Rewritten from the beginning.

He stood up. He dusted the soil from his hands. He looked at the closed door of his father's cultivation chamber across the dark courtyard.

He had no power yet.

He had no technique.

no spiritual root.

no path.

He was a child with blistered hands and a flat stone for a grave marker and a half-empty bottle of medicine he had traded his mother jade fish pendant to obtain.

He had nothing.

Which meant he understood clearly in that moment that the world had nothing left to take from him.

The Book had not yet appeared.

The Unwritten Ink had not yet begun to flow. But in the cold eastern garden standing over the grave of the only person who had ever looked at him and seen something worth seeing

the essential nature of Xuan Ye was established completely and permanently.

Not cruelty.

Not ambition in the ordinary sense.

Not the hunger for power that drove a thousand young cultivators into the wilderness every year with dreams of becoming Heroes.

Something quieter and more absolute.

He would make himself into the kind of thing that the world could not ignore.

Not to be loved by it.

Not to be feared by it exactly.

But to make it impossible for the world to ever again proceed as though he did not exist.

As though the people it discarded did not exist.

He would become so real

so undeniably present

so far beyond the categories the world used to decide what mattered

that no system

no clan

no empire

no set of Heavenly Laws

Not even gods

could ever again perform the administrative cruelty of declaring something worthless and then simply walking away.

He would break the ladder.

Not for revenge.

For her.

He spared the Xuan Clan entirely.

Every Elder.

Every disciple.

Even his father

who eventually emerged from his chamber three days after Shen Yue's burial

noticed the flat stone in the garden and stood before it for a long time with an expression that Xuan Ye watching from the window he could not fully read what his father thought but he would never forgive him.

He spared them because destroying them would not make his mother happy.

his mother had told him that anger burns the one who carries it more than the one it is aimed at.

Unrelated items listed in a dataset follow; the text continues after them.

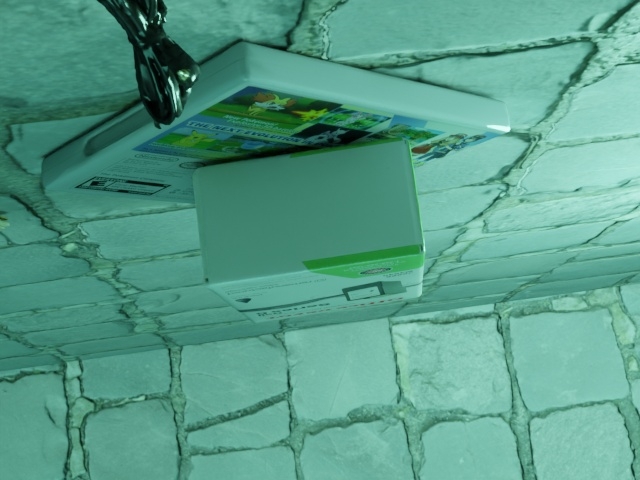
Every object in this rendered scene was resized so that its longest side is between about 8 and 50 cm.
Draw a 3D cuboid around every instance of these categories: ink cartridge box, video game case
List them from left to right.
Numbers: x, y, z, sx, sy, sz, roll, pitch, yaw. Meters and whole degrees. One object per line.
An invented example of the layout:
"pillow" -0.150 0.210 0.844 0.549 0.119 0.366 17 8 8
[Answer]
"video game case" -0.040 -0.089 0.964 0.329 0.036 0.300 4 163 -44
"ink cartridge box" 0.000 0.000 1.036 0.198 0.115 0.273 -9 168 4

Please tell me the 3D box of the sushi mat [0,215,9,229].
"sushi mat" -0.465 -0.026 1.011 0.151 0.019 0.316 -14 167 22

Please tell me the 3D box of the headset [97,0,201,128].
"headset" -0.258 -0.042 0.536 0.394 0.243 0.185 -31 143 -7
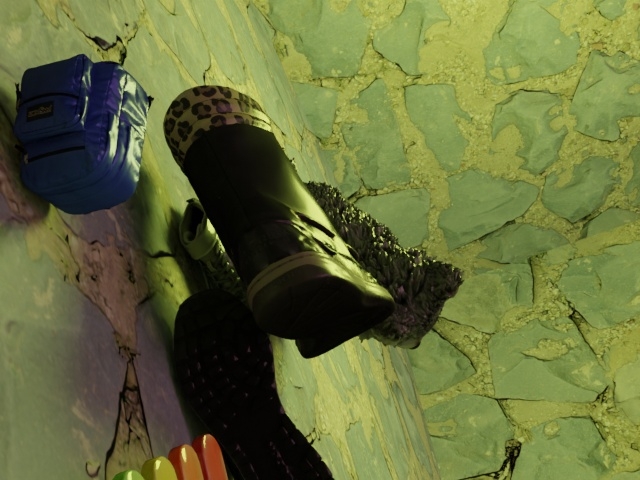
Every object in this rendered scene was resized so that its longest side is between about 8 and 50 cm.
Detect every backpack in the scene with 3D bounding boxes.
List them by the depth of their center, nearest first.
[{"bbox_3d":[-0.210,-0.087,0.699,0.101,0.098,0.120,38,44,-57],"label":"backpack"}]

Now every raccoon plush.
[{"bbox_3d":[0.000,0.000,1.238,0.446,0.216,0.299,39,-11,-21],"label":"raccoon plush"}]

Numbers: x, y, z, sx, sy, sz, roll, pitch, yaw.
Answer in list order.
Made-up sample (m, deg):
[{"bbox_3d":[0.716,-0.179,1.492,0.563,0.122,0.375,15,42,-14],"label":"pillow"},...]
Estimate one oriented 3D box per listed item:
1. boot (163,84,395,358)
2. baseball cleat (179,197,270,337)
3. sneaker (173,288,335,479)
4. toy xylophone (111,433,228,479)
[{"bbox_3d":[-0.047,-0.011,1.006,0.284,0.138,0.377,60,8,19],"label":"boot"},{"bbox_3d":[-0.130,0.042,1.037,0.206,0.072,0.109,64,13,20],"label":"baseball cleat"},{"bbox_3d":[-0.090,0.195,0.903,0.283,0.107,0.124,64,-22,11],"label":"sneaker"},{"bbox_3d":[-0.108,0.265,0.570,0.323,0.081,0.236,36,36,-75],"label":"toy xylophone"}]
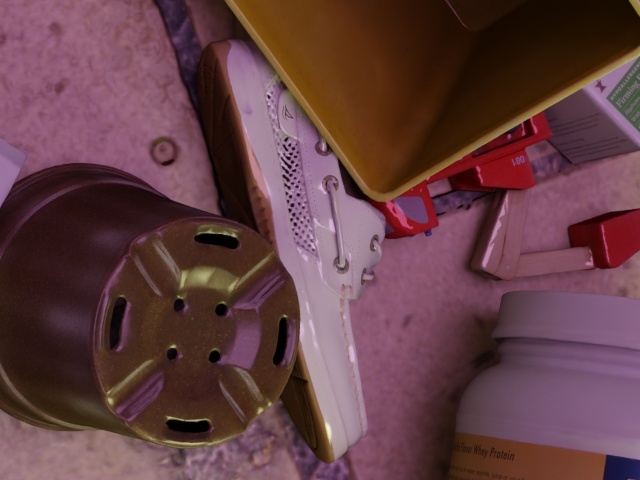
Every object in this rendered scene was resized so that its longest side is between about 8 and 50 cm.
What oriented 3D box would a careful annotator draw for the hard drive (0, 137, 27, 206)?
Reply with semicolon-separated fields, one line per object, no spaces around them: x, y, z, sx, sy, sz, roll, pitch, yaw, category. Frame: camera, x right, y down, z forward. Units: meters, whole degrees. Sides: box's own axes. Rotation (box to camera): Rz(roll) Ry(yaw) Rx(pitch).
-0.329;-0.043;0.707;0.307;0.040;0.203;34;62;-21;hard drive

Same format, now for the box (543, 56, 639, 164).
0.199;-0.121;0.968;0.087;0.102;0.101;42;75;-11;box

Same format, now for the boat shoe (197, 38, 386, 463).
0.000;0.000;0.889;0.096;0.098;0.277;-13;90;-19;boat shoe

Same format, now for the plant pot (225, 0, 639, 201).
0.083;-0.189;0.864;0.212;0.212;0.187;53;35;-10;plant pot

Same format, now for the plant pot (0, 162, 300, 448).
-0.106;0.043;0.793;0.167;0.165;0.167;-4;98;-32;plant pot

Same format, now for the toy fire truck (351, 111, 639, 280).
0.125;-0.023;0.964;0.192;0.047;0.135;-21;96;-19;toy fire truck

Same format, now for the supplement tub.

He had not agreed with her then.

But now he felt it his anger could have killed him if it weren't for his mother advise.

He would let them live.

He would let them continue their careful hierarchical and resource-managed lives in their closed-door chambers and their lacquered chairs.

He would let them believe that the mortal boy they had abandoned

In the future will look at the finite universe as nothing more than a dream

And he would become the thing that made the ladder itself irrelevant.

That his decided will be a more complete form of destruction.